I see. So you were never in Basic training, or the modern equivilant?


----------



## OLD F of S (26 Aug 2004)

Times have changed when I joined the RCEME Corps in 1965 we were sent to one of the
infantry regts for basic. In my case it was 2 PPCLI we started with 30 and ended up with 28.
I believe the low attrition rate was due to the regtimental structuring of the training.

         We were taught very early you left no one behind if some of the lads had problems you
helped them as a platoon be it spitshone boots or section in attack. It was training that helped
me for over 30 years.


----------



## Danjanou (26 Aug 2004)

Good story Jungle. 

Ah for the old days and the old ways. Sometimes I regret packing it in when I did. Then I stop and think would I really want to go and play on the two way range now with a platoon full of "little Johnnies?"


----------



## commando_wolf63 (27 Aug 2004)

Good Story Jungle


If I had been little Johnnys mother I'd have told him to either tough it out or get out.
Recently My son and I were sitting down and Chatting about our experiences as Cadets. He has now aged out, I told him what I went through when training for Cadets, Reserves and Reg Forces. I ended up shaking my head in bewilderment Cadet training is now more like what my brother did as a Boy Scout. Every yr that my son spent in Cadets at the start of a new training yr, each Cadet had to participate in C.H.A.P.S (cadet harrassment abuse prevention s???)
In the Reserves while taking my training if any body messed up X# of times in one day. they'd be the plug of the day and have to wear a bathroom sink plug around thier neck. Yes I humblely admit one morning I had been plug of the day until someone else royaly screwed up. Now days that prob wouldnt be allowed. 

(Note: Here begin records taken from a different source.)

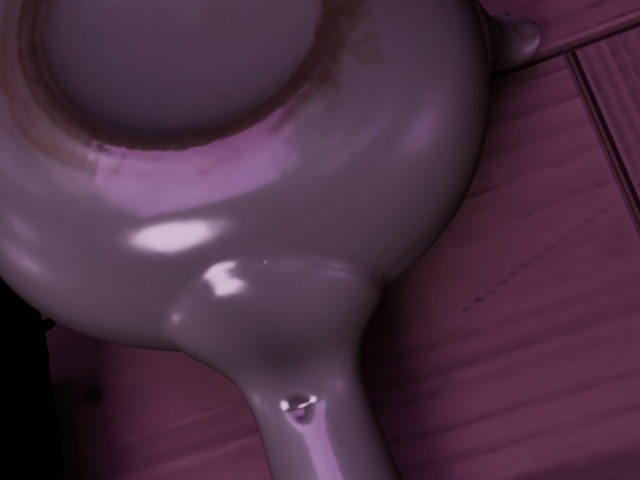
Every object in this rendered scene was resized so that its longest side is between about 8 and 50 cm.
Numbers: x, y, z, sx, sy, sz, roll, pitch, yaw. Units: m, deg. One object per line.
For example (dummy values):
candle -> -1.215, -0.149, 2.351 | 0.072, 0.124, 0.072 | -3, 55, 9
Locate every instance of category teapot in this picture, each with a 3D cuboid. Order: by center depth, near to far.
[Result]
teapot -> -0.038, 0.004, 0.467 | 0.219, 0.149, 0.318 | 5, 66, 12

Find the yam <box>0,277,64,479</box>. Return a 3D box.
yam -> -0.144, 0.150, 0.445 | 0.131, 0.131, 0.280 | -17, 64, 9
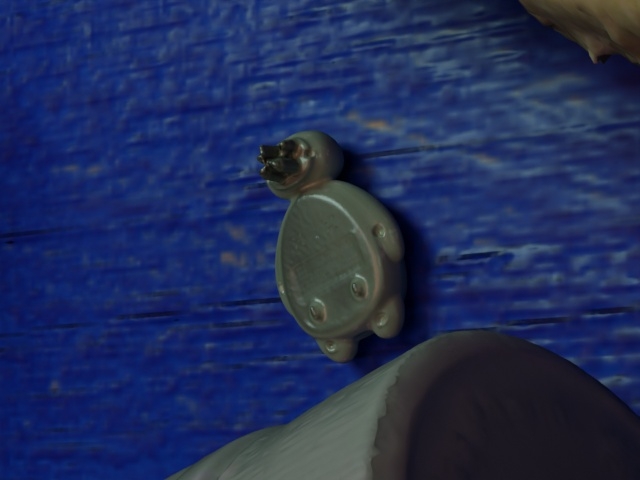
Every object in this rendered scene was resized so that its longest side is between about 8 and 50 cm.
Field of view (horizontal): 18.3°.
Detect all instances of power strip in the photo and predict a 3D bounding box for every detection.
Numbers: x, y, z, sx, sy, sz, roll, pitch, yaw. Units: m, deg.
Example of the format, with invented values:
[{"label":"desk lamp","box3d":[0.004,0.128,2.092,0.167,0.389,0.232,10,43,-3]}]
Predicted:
[{"label":"power strip","box3d":[0.000,0.000,0.691,0.055,0.035,0.083,-30,70,32]}]

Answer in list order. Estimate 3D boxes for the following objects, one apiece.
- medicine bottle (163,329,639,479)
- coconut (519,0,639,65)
[{"label":"medicine bottle","box3d":[-0.035,0.173,0.599,0.332,0.190,0.190,-31,67,32]},{"label":"coconut","box3d":[0.193,-0.147,0.391,0.297,0.310,0.297,34,132,50]}]
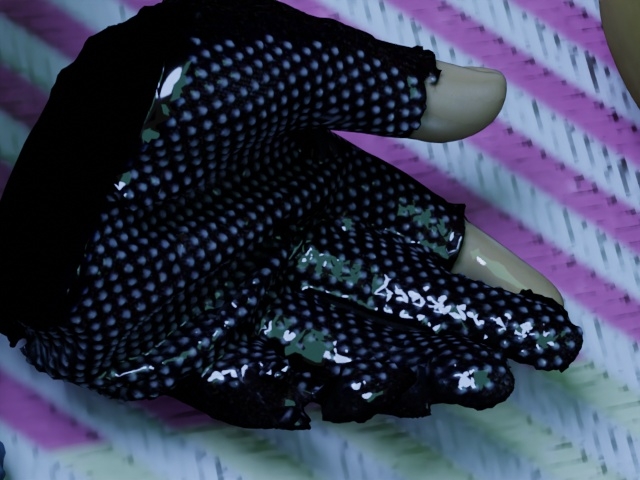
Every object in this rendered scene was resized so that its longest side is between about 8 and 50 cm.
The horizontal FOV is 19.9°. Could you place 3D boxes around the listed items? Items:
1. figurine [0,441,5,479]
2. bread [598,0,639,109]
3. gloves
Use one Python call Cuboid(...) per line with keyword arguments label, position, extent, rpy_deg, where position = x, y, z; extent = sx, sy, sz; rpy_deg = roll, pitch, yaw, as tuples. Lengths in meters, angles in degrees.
Cuboid(label="figurine", position=(-0.126, 0.043, 0.540), extent=(0.077, 0.079, 0.136), rpy_deg=(-10, 65, -48))
Cuboid(label="bread", position=(0.196, -0.096, 0.648), extent=(0.217, 0.098, 0.147), rpy_deg=(-35, 81, -19))
Cuboid(label="gloves", position=(-0.002, 0.002, 0.584), extent=(0.181, 0.106, 0.129), rpy_deg=(23, 65, -34))
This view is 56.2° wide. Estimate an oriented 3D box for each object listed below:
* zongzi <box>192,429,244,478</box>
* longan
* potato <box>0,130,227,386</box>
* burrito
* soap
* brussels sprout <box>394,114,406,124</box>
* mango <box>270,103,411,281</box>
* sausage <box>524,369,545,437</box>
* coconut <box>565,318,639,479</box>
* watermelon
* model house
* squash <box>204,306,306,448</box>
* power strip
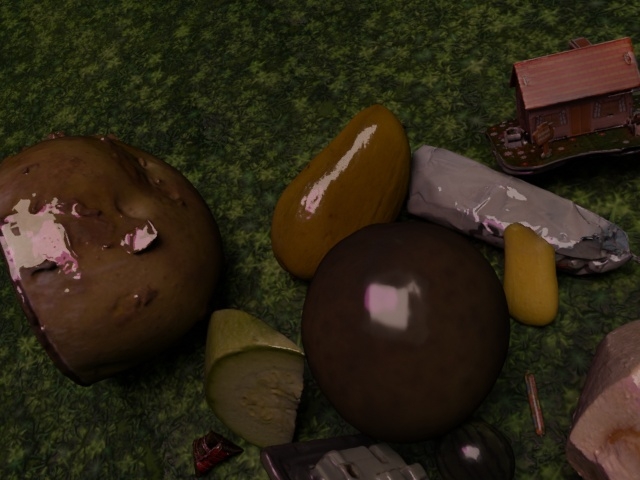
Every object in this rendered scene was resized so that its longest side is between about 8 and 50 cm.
[{"bbox_3d":[-0.176,0.330,0.968,0.083,0.073,0.067,-20,37,5],"label":"zongzi"},{"bbox_3d":[0.120,0.123,0.867,0.319,0.319,0.319,-8,57,13],"label":"longan"},{"bbox_3d":[-0.348,-0.008,1.054,0.319,0.385,0.442,-25,65,-15],"label":"potato"},{"bbox_3d":[0.325,-0.041,1.011,0.445,0.101,0.139,29,68,30],"label":"burrito"},{"bbox_3d":[0.327,0.053,0.935,0.089,0.168,0.033,7,18,35],"label":"soap"},{"bbox_3d":[0.125,-0.227,1.222,0.085,0.058,0.085,-10,69,27],"label":"brussels sprout"},{"bbox_3d":[0.047,-0.066,1.059,0.331,0.195,0.142,-47,21,1],"label":"mango"},{"bbox_3d":[0.318,0.241,0.891,0.015,0.015,0.100,-9,57,13],"label":"sausage"},{"bbox_3d":[0.452,0.226,0.692,0.297,0.297,0.309,-35,55,-5],"label":"coconut"},{"bbox_3d":[0.221,0.311,0.828,0.105,0.105,0.133,-35,64,-5],"label":"watermelon"},{"bbox_3d":[0.437,-0.243,1.025,0.294,0.154,0.207,-11,30,10],"label":"model house"},{"bbox_3d":[-0.111,0.192,0.957,0.204,0.237,0.155,15,32,6],"label":"squash"},{"bbox_3d":[0.077,0.345,0.766,0.092,0.257,0.251,-47,56,20],"label":"power strip"}]
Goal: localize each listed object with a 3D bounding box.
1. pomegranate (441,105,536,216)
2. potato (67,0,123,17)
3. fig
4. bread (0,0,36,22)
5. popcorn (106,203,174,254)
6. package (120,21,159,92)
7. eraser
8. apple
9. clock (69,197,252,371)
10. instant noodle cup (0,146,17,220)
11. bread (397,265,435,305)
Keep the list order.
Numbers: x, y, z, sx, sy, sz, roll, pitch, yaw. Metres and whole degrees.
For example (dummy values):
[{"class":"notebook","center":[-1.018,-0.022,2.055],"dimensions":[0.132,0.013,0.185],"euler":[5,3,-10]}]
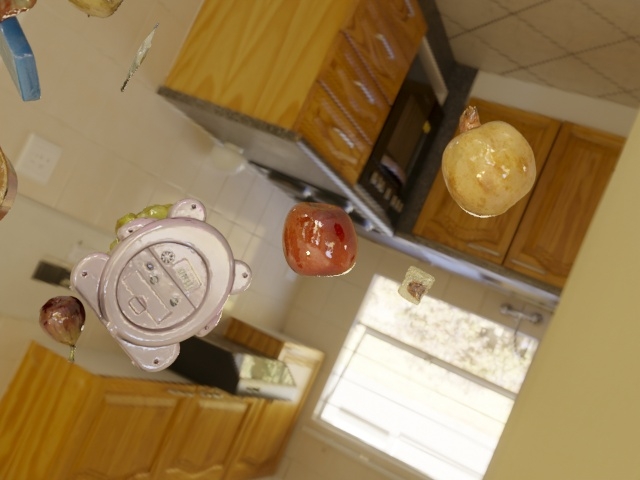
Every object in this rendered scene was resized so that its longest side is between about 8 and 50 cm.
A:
[{"class":"pomegranate","center":[0.350,-0.152,1.469],"dimensions":[0.207,0.207,0.207],"euler":[24,175,2]},{"class":"potato","center":[-0.407,-0.536,1.172],"dimensions":[0.115,0.299,0.239],"euler":[0,-157,-46]},{"class":"fig","center":[-0.488,0.171,1.340],"dimensions":[0.088,0.125,0.089],"euler":[-8,-160,3]},{"class":"bread","center":[-0.609,-0.543,1.192],"dimensions":[0.114,0.295,0.328],"euler":[-8,120,23]},{"class":"popcorn","center":[-0.420,0.012,1.783],"dimensions":[0.235,0.250,0.241],"euler":[36,156,-27]},{"class":"package","center":[-0.524,-0.530,2.020],"dimensions":[0.027,0.173,0.171],"euler":[28,154,-20]},{"class":"eraser","center":[-0.647,-0.442,1.411],"dimensions":[0.312,0.042,0.144],"euler":[60,154,15]},{"class":"apple","center":[0.000,0.000,1.625],"dimensions":[0.180,0.169,0.181],"euler":[5,-172,-1]},{"class":"clock","center":[-0.333,0.087,1.498],"dimensions":[0.296,0.322,0.113],"euler":[55,164,-14]},{"class":"instant noodle cup","center":[-0.831,-0.133,1.584],"dimensions":[0.296,0.297,0.214],"euler":[25,174,-7]},{"class":"bread","center":[0.232,0.110,1.712],"dimensions":[0.070,0.083,0.035],"euler":[34,-170,17]}]
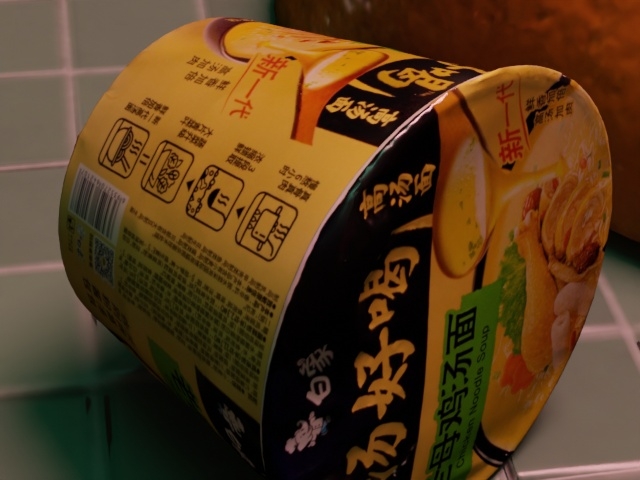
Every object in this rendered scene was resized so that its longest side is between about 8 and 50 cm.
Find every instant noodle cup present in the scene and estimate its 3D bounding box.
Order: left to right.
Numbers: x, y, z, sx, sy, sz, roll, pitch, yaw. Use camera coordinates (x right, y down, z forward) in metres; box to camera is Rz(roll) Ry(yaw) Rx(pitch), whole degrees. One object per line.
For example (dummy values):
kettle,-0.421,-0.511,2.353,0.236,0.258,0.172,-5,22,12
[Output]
instant noodle cup,0.000,0.000,0.435,0.122,0.151,0.151,30,47,35

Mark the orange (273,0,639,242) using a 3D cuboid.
orange,0.135,-0.117,0.614,0.274,0.274,0.310,-31,21,-33

I don't know how many members of this site were in the Military either Regs or Reserves prior to the Changes.


----------



## CF104Starfighter (29 Aug 2004)

Slim said:
			
		

> Sister's BOTC course
> 
> I see. So you were never in Basic training, or the modern equivilant?


Mmm, no, and I hope that doesn't have to do with anything.


----------



## beach_bum (29 Aug 2004)

I find I get more and more phone calls from young soldiers parents, (and sometimes they even show up at the armoury angry about something young Johnny has told them) than I have ever had.  It's very frustrating to deal with these people.    They don't seem to realize that their son or daughter is the one who needs to do the talking, and not them.  As a parent I understand how protective you can feel.....but come on!  These are not 5 year olds having a bad play date (though some of them act like it!!!! :) but members of the military.  My parents would never have made calls like that (they would've told me to deal with it) and I would never have asked them to do so.  I would've been mortified to have my parents jump into my life that way! :-[


----------



## Slim (2 Sep 2004)

CF104Starfighter said:
			
		

> Mmm, no, and I hope that doesn't have to do with anything.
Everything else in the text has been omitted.